Search the entries below for "geometry", and copy each line where it appears.

Items from a dataset
======
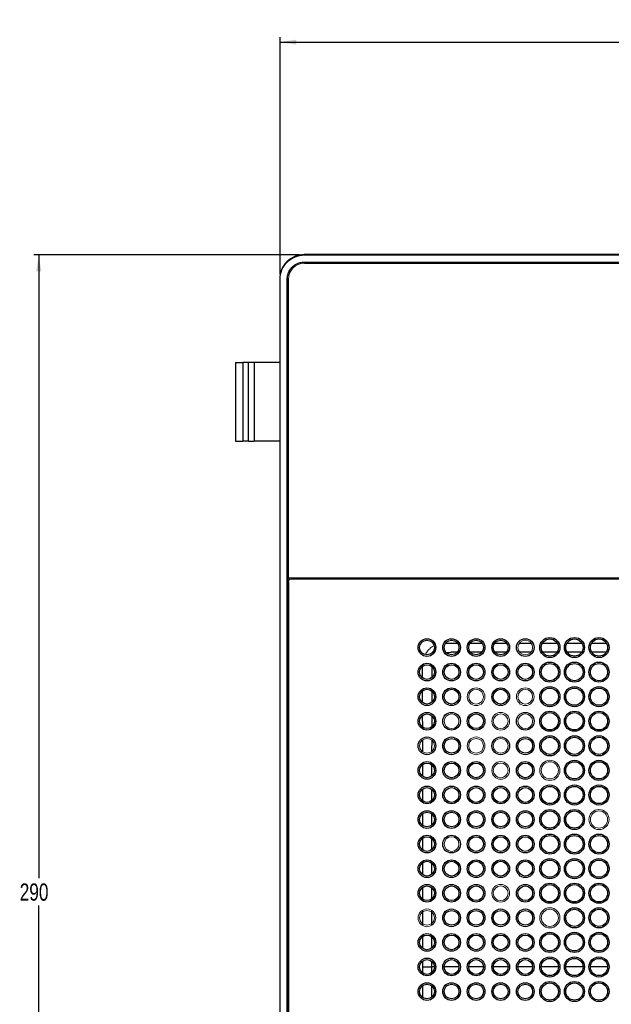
# Model space of a CAD drawing. Header units: millimetres. Extents: x -112 to 605, y -115 to 735.
# Tile 8 of 13: x -112 to 9, y 535 to 735. Entities that reach past the tile are written whole.
import ezdxf

# ---------------------------------------------------------------- set-up
doc = ezdxf.new("R2010")
doc.units = ezdxf.units.MM
doc.layers.add('DRAWINGS', color=7, linetype='Continuous')
doc.styles.add('SLDTEXTSTYLE0', font='TXT', dxfattribs={"width": 0.75})
doc.dimstyles.new('SLDDIMSTYLE0', dxfattribs={"dimtxt": 3.5, "dimasz": 3.302, "dimexe": 0, "dimexo": 0.0625, "dimgap": 0.875, "dimtad": 0, "dimtih": 1, "dimtoh": 1, "dimdec": 0, "dimrnd": 1e-09, "dimzin": 12, "dimdsep": 46, "dimtxsty": 'SLDTEXTSTYLE0', "dimsah": 1, "dimcen": 0.09, "dimadec": 0, "dimazin": 3, "dimtfac": 1, "dimtdec": 0, "dimtofl": 0, "dimtmove": 0, "dimatfit": 3, "dimfxl": 0, "dimfrac": 2, "dimtolj": 1, "dimtzin": 12, "dimarcsym": 0})

# ---------------------------------------------------------------- blocks, each defined once
blk = doc.blocks.new('_D_2')
at = {"layer": 'DRAWINGS'}
for p, q in [((-58.83, 683.2), (-58.83, 731.42)), ((130.92, 683.2), (130.92, 731.42)), ((-58.83, 730.42), (130.92, 730.42))]:
    blk.add_line(p, q, dxfattribs=at)
for points in [[(-58.83, 730.42), (-55.53, 729.91), (-55.53, 730.93)], [(130.92, 730.42), (127.62, 730.93), (127.62, 729.91)]]:
    blk.add_solid(points, dxfattribs=at)
at = {"layer": 'DRAWINGS', "insert": (25.9, 734.93), "char_height": 3.5, "attachment_point": 1, "style": 'SLDTEXTSTYLE0'}
blk.add_mtext('190', dxfattribs=at)
blk = doc.blocks.new('_D_3')
at = {"layer": 'DRAWINGS'}
for p, q in [((-54.92, 687.11), (-108.94, 687.11)), ((-107.94, 687.11), (-107.94, 560.27)), ((-107.94, 397.35), (-107.94, 554.71)), ((-54.92, 397.35), (-108.94, 397.35))]:
    blk.add_line(p, q, dxfattribs=at)
for points in [[(-107.94, 687.11), (-108.45, 683.81), (-107.43, 683.81)], [(-107.94, 397.35), (-107.43, 400.65), (-108.45, 400.65)]]:
    blk.add_solid(points, dxfattribs=at)
at = {"layer": 'DRAWINGS', "insert": (-111.82, 559.22), "char_height": 3.5, "attachment_point": 1, "style": 'SLDTEXTSTYLE0'}
blk.add_mtext('290', dxfattribs=at)

msp = doc.modelspace()

# ---------------------------------------------------------------- linework, layer by layer
at = {"color": 144, "linetype": 'Continuous', "lineweight": 18}
for p, q in [((-53.92, 685.68), (-55.22, 685.43)), ((126.04, 685.63), (-53.96, 685.63)), ((-53.92, 685.48), (-53.92, 685.63)), ((126.01, 685.48), (-53.92, 685.48)), ((-57.36, 682.23), (-57.36, 620.46)), ((-57.21, 682.2), (-57.36, 682.2)), ((-57.21, 682.2), (-57.21, 402.26)), ((-56.96, 621.34), (-56.96, 621.03)), ((-46.01, 621.34), (-46.01, 621.13)), ((-35.13, 621.13), (-35.13, 621.34)), ((-19.39, 621.34), (-19.39, 621.13)), ((-15.12, 621.13), (-15.12, 621.34)), ((-3.39, 621.13), (-3.39, 621.34)), ((-1.13, 621.34), (-1.13, 621.13)), ((-57.36, 464), (-57.36, 620.46)), ((-57.36, 620.46), (-57.36, 620.46))]:
    msp.add_line(p, q, dxfattribs=at)
at = {"color": 7, "linetype": 'Continuous', "lineweight": 25}
for p, q in [((-53.96, 685.65), (126.04, 685.65)), ((-53.96, 685.63), (-53.96, 685.65)), ((-53.92, 687.11), (-53.92, 687.2)), ((126.01, 687.2), (-53.92, 687.2)), ((-53.92, 687.11), (126.01, 687.11)), ((-53.86, 685.44), (125.94, 685.44)), ((-58.83, 682.2), (-58.92, 682.2)), ((-58.92, 682.2), (-58.92, 402.26)), ((-58.83, 402.26), (-58.83, 682.2)), ((-57.38, 402.23), (-57.38, 682.23)), ((-57.38, 682.23), (-57.36, 682.23)), ((-57.16, 621.34), (-57.16, 682.14)), ((-67.94, 665.23), (-67.94, 649.23)), ((-67.94, 665.23), (-66.4, 665.23)), ((-66.4, 665.23), (-66.4, 649.23)), ((-65.29, 665.23), (-66.4, 665.23)), ((-65.29, 649.23), (-65.29, 665.23)), ((-64.14, 665.23), (-65.29, 665.23)), ((-64.14, 665.23), (-64.14, 649.23)), ((-58.92, 665.23), (-64.14, 665.23)), ((-57.21, 665.23), (-57.36, 665.23)), ((-67.94, 649.23), (-66.4, 649.23)), ((-65.29, 649.23), (-66.4, 649.23)), ((-65.29, 649.23), (-64.14, 649.23)), ((-58.92, 649.23), (-64.14, 649.23)), ((-57.21, 649.23), (-57.36, 649.23)), ((13.48, 621.34), (-57.16, 621.34)), ((13.49, 621.13), (-56.66, 621.13)), ((-48.12, 621.34), (-48.12, 621.13)), ((-46.74, 621.13), (-46.74, 621.34)), ((-34.88, 621.34), (-34.88, 621.13)), ((-33.03, 621.13), (-33.03, 621.34)), ((-18.18, 621.34), (-18.18, 621.13)), ((-16.33, 621.13), (-16.33, 621.34)), ((-3.18, 621.34), (-3.18, 621.13)), ((-1.33, 621.13), (-1.33, 621.34)), ((-57.16, 620.63), (-57.16, 463.83))]:
    msp.add_line(p, q, dxfattribs=at)
at = {"color": 8, "linetype": 'Continuous', "lineweight": 25}
for p, q in [((-50.88, 621.34), (-50.88, 621.13)), ((-48.88, 621.13), (-48.88, 621.34)), ((-32.81, 621.34), (-32.81, 621.13)), ((-18.39, 621.13), (-18.39, 621.34)), ((-25.14, 608.11), (-22.78, 608.11)), ((-20.14, 608.11), (-17.78, 608.11)), ((-15.14, 608.11), (-12.78, 608.11)), ((-10.14, 608.11), (-7.78, 608.11)), ((-5.43, 608.11), (-2.48, 608.11)), ((-0.43, 608.11), (2.52, 608.1)), ((4.57, 608.1), (7.52, 608.1)), ((-22.83, 606.26), (-24.06, 606.26)), ((-17.82, 606.27), (-20.07, 606.26)), ((-12.81, 606.27), (-15.07, 606.27)), ((-7.8, 606.28), (-10.08, 606.28)), ((-2.51, 606.29), (-5.39, 606.28)), ((7.49, 606.29), (4.6, 606.29)), ((-29.84, 601.04), (-29.84, 603.41)), ((-27.97, 603.35), (-27.98, 602.34)), ((-27.98, 602.34), (-27.99, 601.13)), ((-27.99, 598.36), (-27.99, 596.12)), ((-29.83, 591.04), (-29.84, 593.41)), ((-28, 593.36), (-28, 591.11)), ((-28, 588.37), (-28.01, 586.11)), ((-28.01, 583.37), (-28.01, 581.1)), ((-28.01, 578.37), (-28.02, 576.1)), ((-29.83, 571.03), (-29.83, 573.41)), ((-28.02, 573.38), (-28.02, 571.1)), ((-29.83, 566.03), (-29.83, 568.41)), ((-28.02, 568.38), (-28.02, 566.09)), ((-29.83, 561.03), (-29.83, 563.41)), ((-28.03, 563.38), (-28.03, 561.09)), ((-29.83, 556.03), (-29.83, 558.41)), ((-28.03, 558.38), (-28.03, 556.09)), ((-29.83, 550.68), (-29.83, 553.76)), ((-28.03, 553.76), (-28.03, 550.73)), ((-29.83, 546.03), (-29.83, 548.42)), ((-28.03, 548.38), (-28.03, 546.09)), ((-29.83, 542.23), (-29.83, 543.42)), ((-28.03, 543.39), (-28.03, 542.23)), ((-29.83, 541.03), (-29.83, 542.23)), ((-28.03, 542.23), (-28.03, 541.09)), ((-27.46, 542.23), (-28.03, 542.23)), ((-22.46, 542.23), (-25.46, 542.23)), ((-17.46, 542.23), (-20.46, 542.23)), ((-12.46, 542.23), (-15.46, 542.23)), ((-7.46, 542.23), (-10.46, 542.23)), ((-2.21, 542.23), (-5.71, 542.23)), ((2.79, 542.23), (-0.71, 542.23)), ((7.79, 542.23), (4.29, 542.23)), ((-29.83, 536.05), (-29.83, 538.43)), ((-28.03, 538.37), (-28.03, 536.08))]:
    msp.add_line(p, q, dxfattribs=at)
at = {"color": 144, "linetype": 'Continuous', "lineweight": 18, "flags": 128}
msp.add_lwpolyline([(-32.68, 621.13), (-32.68, 621.13), (-32.76, 621.34)], dxfattribs=at)
at = {"color": 8, "linetype": 'Continuous', "lineweight": 25, "flags": 128}
for points in [[(-25.05, 606.25), (-24.42, 606.25), (-24.16, 606.26), (-24.09, 606.26), (-24.07, 606.26), (-24.06, 606.26), (-24.06, 606.26), (-24.06, 606.26)], [(-29.84, 596.04), (-29.84, 596.66), (-29.84, 598.41)], [(-29.83, 586.04), (-29.83, 586.77), (-29.83, 588.41)], [(-29.83, 581.03), (-29.83, 583.31), (-29.83, 583.41)]]:
    msp.add_lwpolyline(points, dxfattribs=at)
at = {"color": 7, "linetype": 'Continuous', "lineweight": 25}
for centre, radius in [((-3.96, 607.23), 2.05), ((1.04, 607.23), 2.05), ((6.04, 607.23), 2.05), ((-28.96, 607.23), 1.8), ((-28.96, 607.23), 1.5), ((-23.96, 607.23), 1.8), ((-23.96, 607.23), 1.5), ((-18.96, 607.23), 1.8), ((-18.96, 607.23), 1.5), ((-13.96, 607.23), 1.8), ((-13.96, 607.23), 1.5), ((-8.96, 607.23), 1.8), ((-3.96, 607.23), 1.75), ((1.04, 607.23), 1.75), ((6.04, 607.23), 1.75), ((-28.96, 602.23), 1.8), ((-28.96, 602.23), 1.5), ((-23.96, 602.23), 1.8), ((-23.96, 602.23), 1.5), ((-18.96, 602.23), 1.8), ((-18.96, 602.23), 1.5), ((-13.96, 602.23), 1.8), ((-13.96, 602.23), 1.5), ((-8.96, 602.23), 1.8), ((-8.96, 602.23), 1.5), ((-3.96, 602.23), 2.05), ((-3.96, 602.23), 1.75), ((1.04, 602.23), 2.05), ((1.04, 602.23), 1.75), ((6.04, 602.23), 2.05), ((6.04, 602.23), 1.75), ((-3.96, 597.23), 2.05), ((1.04, 597.23), 2.05), ((6.04, 597.23), 2.05), ((-28.96, 597.23), 1.8), ((-28.96, 597.23), 1.5), ((-23.96, 597.23), 1.8), ((-23.96, 597.23), 1.5), ((-13.96, 597.23), 1.8), ((-13.96, 597.23), 1.5), ((-3.96, 597.23), 1.75), ((1.04, 597.23), 1.75), ((6.04, 597.23), 1.75), ((-28.96, 592.23), 1.8), ((-28.96, 592.23), 1.5), ((-23.96, 592.23), 1.8), ((-18.96, 592.23), 1.8), ((-18.96, 592.23), 1.5), ((-8.96, 592.23), 1.8), ((-3.96, 592.23), 2.05), ((-3.96, 592.23), 1.75), ((1.04, 592.23), 2.05), ((1.04, 592.23), 1.75), ((6.04, 592.23), 2.05), ((6.04, 592.23), 1.75), ((-3.96, 587.23), 2.05), ((1.04, 587.23), 2.05), ((6.04, 587.23), 2.05), ((-28.96, 587.23), 1.8), ((-23.96, 587.23), 1.8), ((-23.96, 587.23), 1.5), ((-13.96, 587.23), 1.8), ((-8.96, 587.23), 1.8), ((-8.96, 587.23), 1.5), ((-3.96, 587.23), 1.75), ((1.04, 587.23), 1.75), ((6.04, 587.23), 1.75), ((-28.96, 582.23), 1.8), ((-28.96, 582.23), 1.5), ((-23.96, 582.23), 1.8), ((-23.96, 582.23), 1.5), ((-18.96, 582.23), 1.8), ((-18.96, 582.23), 1.5), ((-8.96, 582.23), 1.8), ((-8.96, 582.23), 1.5), ((1.04, 582.23), 2.05), ((1.04, 582.23), 1.75), ((6.04, 582.23), 2.05), ((6.04, 582.23), 1.75), ((-3.96, 577.23), 2.05), ((1.04, 577.23), 2.05), ((6.04, 577.23), 2.05), ((-28.96, 577.23), 1.8), ((-28.96, 577.23), 1.5), ((-23.96, 577.23), 1.8), ((-23.96, 577.23), 1.5), ((-18.96, 577.23), 1.8), ((-18.96, 577.23), 1.5), ((-13.96, 577.23), 1.8), ((-13.96, 577.23), 1.5), ((-8.96, 577.23), 1.8), ((-8.96, 577.23), 1.5), ((-3.96, 577.23), 1.75), ((1.04, 577.23), 1.75), ((6.04, 577.23), 1.75), ((-28.96, 572.23), 1.8), ((-28.96, 572.23), 1.5), ((-23.96, 572.23), 1.8), ((-23.96, 572.23), 1.5), ((-18.96, 572.23), 1.8), ((-18.96, 572.23), 1.5), ((-13.96, 572.23), 1.8), ((-13.96, 572.23), 1.5), ((-8.96, 572.23), 1.8), ((-8.96, 572.23), 1.5), ((-3.96, 572.23), 2.05), ((-3.96, 572.23), 1.75), ((1.04, 572.23), 2.05), ((1.04, 572.23), 1.75), ((-28.96, 567.23), 1.8), ((-23.96, 567.23), 1.8), ((-18.96, 567.23), 1.8), ((-13.96, 567.23), 1.8), ((-8.96, 567.23), 1.8), ((-3.96, 567.23), 2.05), ((1.04, 567.23), 2.05), ((6.04, 567.23), 2.05), ((-28.96, 567.23), 1.5), ((-18.96, 567.23), 1.5), ((-13.96, 567.23), 1.5), ((-8.96, 567.23), 1.5), ((-3.96, 567.23), 1.75), ((1.04, 567.23), 1.75), ((6.04, 567.23), 1.75), ((-28.96, 562.23), 1.8), ((-28.96, 562.23), 1.5), ((-23.96, 562.23), 1.8), ((-23.96, 562.23), 1.5), ((-18.96, 562.23), 1.8), ((-18.96, 562.23), 1.5), ((-13.96, 562.23), 1.8), ((-13.96, 562.23), 1.5), ((-8.96, 562.23), 1.8), ((-8.96, 562.23), 1.5), ((-3.96, 562.23), 2.05), ((-3.96, 562.23), 1.75), ((1.04, 562.23), 2.05), ((1.04, 562.23), 1.75), ((6.04, 562.23), 2.05), ((6.04, 562.23), 1.75), ((-28.96, 557.23), 1.8), ((-23.96, 557.23), 1.8), ((-18.96, 557.23), 1.8), ((-8.96, 557.23), 1.8), ((-3.96, 557.23), 2.05), ((1.04, 557.23), 2.05), ((6.04, 557.23), 2.05), ((-28.96, 557.23), 1.5), ((-23.96, 557.23), 1.5), ((-18.96, 557.23), 1.5), ((-8.96, 557.23), 1.5), ((-3.96, 557.23), 1.75), ((1.04, 557.23), 1.75), ((6.04, 557.23), 1.75), ((-23.96, 552.23), 1.8), ((-23.96, 552.23), 1.5), ((-18.96, 552.23), 1.8), ((-18.96, 552.23), 1.5), ((-13.96, 552.23), 1.8), ((-13.96, 552.23), 1.5), ((-8.96, 552.23), 1.8), ((-8.96, 552.23), 1.5), ((1.04, 552.23), 2.05), ((1.04, 552.23), 1.75), ((6.04, 552.23), 2.05), ((6.04, 552.23), 1.75), ((-28.96, 547.23), 1.8), ((-23.96, 547.23), 1.8), ((-18.96, 547.23), 1.8), ((-13.96, 547.23), 1.8), ((-8.96, 547.23), 1.8), ((-3.96, 547.23), 2.05), ((1.04, 547.23), 2.05), ((6.04, 547.23), 2.05), ((-28.96, 547.23), 1.5), ((-23.96, 547.23), 1.5), ((-18.96, 547.23), 1.5), ((-13.96, 547.23), 1.5), ((-8.96, 547.23), 1.5), ((-3.96, 547.23), 1.75), ((1.04, 547.23), 1.75), ((6.04, 547.23), 1.75), ((-28.96, 542.23), 1.8), ((-28.96, 542.23), 1.5), ((-23.96, 542.23), 1.8), ((-23.96, 542.23), 1.5), ((-18.96, 542.23), 1.8), ((-18.96, 542.23), 1.5), ((-13.96, 542.23), 1.8), ((-13.96, 542.23), 1.5), ((-8.96, 542.23), 1.8), ((-8.96, 542.23), 1.5), ((-3.96, 542.23), 2.05), ((-3.96, 542.23), 1.75), ((1.04, 542.23), 2.05), ((1.04, 542.23), 1.75), ((6.04, 542.23), 2.05), ((6.04, 542.23), 1.75), ((-28.96, 537.23), 1.8), ((-23.96, 537.23), 1.8), ((-18.96, 537.23), 1.8), ((-13.96, 537.23), 1.8), ((-8.96, 537.23), 1.8), ((-3.96, 537.23), 2.05), ((-3.96, 537.23), 1.75), ((1.04, 537.23), 2.05), ((1.04, 537.23), 1.75), ((6.04, 537.23), 2.05), ((6.04, 537.23), 1.75), ((-28.96, 537.23), 1.5), ((-23.96, 537.23), 1.5), ((-18.96, 537.23), 1.5), ((-13.96, 537.23), 1.5), ((-8.96, 537.23), 1.5)]:
    msp.add_circle(centre, radius, dxfattribs=at)
at = {"color": 144, "linetype": 'Continuous', "lineweight": 18}
for centre, radius in [((-8.96, 607.23), 1.5), ((-18.96, 597.23), 1.8), ((-18.96, 597.23), 1.5), ((-8.96, 597.23), 1.8), ((-8.96, 597.23), 1.5), ((-23.96, 592.23), 1.5), ((-13.96, 592.23), 1.8), ((-13.96, 592.23), 1.5), ((-8.96, 592.23), 1.5), ((-28.96, 587.23), 1.5), ((-18.96, 587.23), 1.8), ((-18.96, 587.23), 1.5), ((-13.96, 587.23), 1.5), ((-13.96, 582.23), 1.8), ((-13.96, 582.23), 1.5), ((-3.96, 582.23), 2.05), ((-3.96, 582.23), 1.75), ((6.04, 572.23), 2.05), ((6.04, 572.23), 1.75), ((-23.96, 567.23), 1.5), ((-13.96, 557.23), 1.8), ((-13.96, 557.23), 1.5), ((-28.96, 552.23), 1.8), ((-28.96, 552.23), 1.5), ((-3.96, 552.23), 2.05), ((-3.96, 552.23), 1.75)]:
    msp.add_circle(centre, radius, dxfattribs=at)
for centre, radius in [((-53.86, 682.14), 3.3), ((-56.66, 620.63), 0.5)]:
    msp.add_arc(centre, radius, 90, 180, dxfattribs=at)
at = {"color": 7, "linetype": 'Continuous', "lineweight": 25}
for points, knots in [([(-53.92, 687.2), (-54.58, 687.2), (-55.23, 687.07), (-56.44, 686.56), (-56.99, 686.19), (-57.92, 685.27), (-58.29, 684.71), (-58.79, 683.51), (-58.92, 682.85), (-58.92, 682.2)], [0, 0, 0, 0, 0.25, 0.25, 0.5, 0.5, 0.75, 0.75, 1, 1, 1, 1]), ([(-58.83, 682.2), (-58.83, 682.84), (-58.71, 683.48), (-58.21, 684.67), (-57.85, 685.22), (-56.94, 686.12), (-56.4, 686.49), (-55.21, 686.98), (-54.57, 687.11), (-53.92, 687.11)], [0, 0, 0, 0, 0.25, 0.25, 0.5, 0.5, 0.75, 0.75, 1, 1, 1, 1]), ([(-57.38, 682.23), (-57.38, 682.29), (-57.38, 682.4), (-57.36, 682.57), (-57.34, 682.73), (-57.3, 682.96), (-57.24, 683.23), (-57.08, 683.65), (-56.82, 684.15), (-56.39, 684.67), (-55.87, 685.09), (-55.37, 685.36), (-54.95, 685.51), (-54.63, 685.59), (-54.29, 685.64), (-54.07, 685.65), (-53.96, 685.65)], [0, 0, 0, 0, 0.031198, 0.062468, 0.093887, 0.125531, 0.188281, 0.250686, 0.375628, 0.500159, 0.62533, 0.749787, 0.812216, 0.874945, 0.937577, 1, 1, 1, 1]), ([(-29.83, 542.23), (-29.78, 542.23), (-29.7, 542.23), (-29.47, 542.23), (-29.33, 542.23), (-29, 542.23), (-28.82, 542.23), (-28.43, 542.23), (-28.23, 542.23), (-28.03, 542.23)], [0, 0, 0, 0, 0.25, 0.25, 0.5, 0.5, 0.75, 0.75, 1, 1, 1, 1])]:
    msp.add_open_spline(points, degree=3, knots=knots, dxfattribs=at)
at = {"color": 144, "linetype": 'Continuous', "lineweight": 18}
for points, knots in [([(-57.36, 682.23), (-57.36, 682.68), (-57.27, 683.13), (-56.93, 683.94), (-56.67, 684.32), (-56.05, 684.95), (-55.67, 685.2), (-54.85, 685.54), (-54.4, 685.63), (-53.96, 685.63)], [0, 0, 0, 0, 0.25, 0.25, 0.5, 0.5, 0.75, 0.75, 1, 1, 1, 1]), ([(-0.13, 621.13), (-0.12, 621.19), (-0.12, 621.31), (-0.12, 621.41), (-0.12, 621.46)], [0, 0, 0, 0, 0.449414, 1, 1, 1, 1]), ([(-27.53, 607.57), (-27.63, 607.52), (-28.02, 607.34), (-28.57, 606.85), (-29.06, 606.29), (-29.25, 605.9), (-29.31, 605.79)], [0, 0, 0, 0, 0.140035, 0.496971, 0.854216, 1, 1, 1, 1])]:
    msp.add_open_spline(points, degree=3, knots=knots, dxfattribs=at)
at = {"color": 8, "linetype": 'Continuous', "lineweight": 25}
for points, knots in [([(-16.13, 621.34), (-16.13, 621.34), (-16.13, 621.27), (-16.13, 621.2), (-16.13, 621.13)], [0, 0, 0, 0, 0.064653, 1, 1, 1, 1]), ([(2.49, 606.29), (2.45, 606.29), (1.49, 606.29), (0.53, 606.29), (-0.4, 606.29)], [0, 0, 0, 0, 0.036779, 1, 1, 1, 1]), ([(-29.83, 576.03), (-29.83, 576.21), (-29.83, 577.01), (-29.83, 577.8), (-29.83, 578.41)], [0, 0, 0, 0, 0.225001, 1, 1, 1, 1])]:
    msp.add_open_spline(points, degree=3, knots=knots, dxfattribs=at)

# ---------------------------------------------------------------- dimensions: what is measured, and where the dimension line sits
at = {"layer": 'DRAWINGS'}
dim = msp.add_linear_dim(base=(130.92, 733.2), p1=(-58.83, 682.2), p2=(130.92, 682.2), dimstyle='SLDDIMSTYLE0', dxfattribs=at)
dim.commit()
dim.dimension.update_dxf_attribs({"geometry": '_D_2', "text_midpoint": (29.78, 733.2), "dimtype": 160})
dim = msp.add_linear_dim(base=(-107.94, 397.35), p1=(-53.92, 687.11), p2=(-53.92, 397.35), angle=90, dimstyle='SLDDIMSTYLE0', dxfattribs=at)
dim.commit()
dim.dimension.update_dxf_attribs({"geometry": '_D_3', "text_midpoint": (-107.94, 557.49), "dimtype": 160})

doc.saveas('drawing.dxf')
======
[Exercise answer]
dim.dimension.update_dxf_attribs({"geometry": '_D_2', "text_midpoint": (29.78, 733.2), "dimtype": 160})
dim.dimension.update_dxf_attribs({"geometry": '_D_3', "text_midpoint": (-107.94, 557.49), "dimtype": 160})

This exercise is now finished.